(Saved data entries)
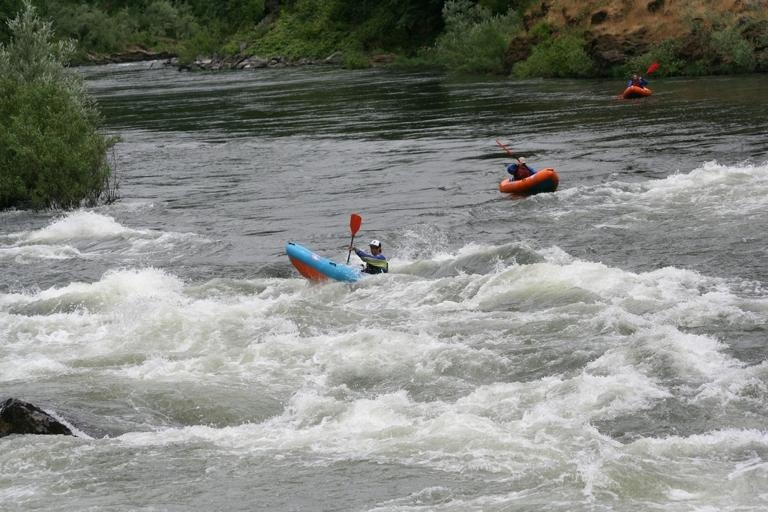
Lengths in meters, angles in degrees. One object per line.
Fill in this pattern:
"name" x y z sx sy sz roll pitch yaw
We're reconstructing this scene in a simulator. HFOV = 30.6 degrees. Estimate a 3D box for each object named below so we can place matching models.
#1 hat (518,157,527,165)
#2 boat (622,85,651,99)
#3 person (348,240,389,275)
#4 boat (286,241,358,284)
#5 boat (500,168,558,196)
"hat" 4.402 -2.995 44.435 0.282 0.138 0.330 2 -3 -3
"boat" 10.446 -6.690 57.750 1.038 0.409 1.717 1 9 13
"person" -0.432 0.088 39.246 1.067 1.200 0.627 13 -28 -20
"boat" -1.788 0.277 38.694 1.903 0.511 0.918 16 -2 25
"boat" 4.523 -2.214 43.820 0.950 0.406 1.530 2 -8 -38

---

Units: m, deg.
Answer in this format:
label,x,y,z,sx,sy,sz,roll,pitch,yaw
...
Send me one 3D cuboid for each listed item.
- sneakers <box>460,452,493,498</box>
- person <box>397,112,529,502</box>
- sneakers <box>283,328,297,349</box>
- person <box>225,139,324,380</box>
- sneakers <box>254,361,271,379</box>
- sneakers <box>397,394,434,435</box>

* * *

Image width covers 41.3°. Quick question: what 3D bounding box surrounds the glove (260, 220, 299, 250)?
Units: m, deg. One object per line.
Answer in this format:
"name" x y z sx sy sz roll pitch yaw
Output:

### EXERCISE OBJECTIVE
All lines of the entries containing the string "Units" must be shown in full.

### RESULT OF THE TASK
Units: m, deg.
Units: m, deg. One object per line.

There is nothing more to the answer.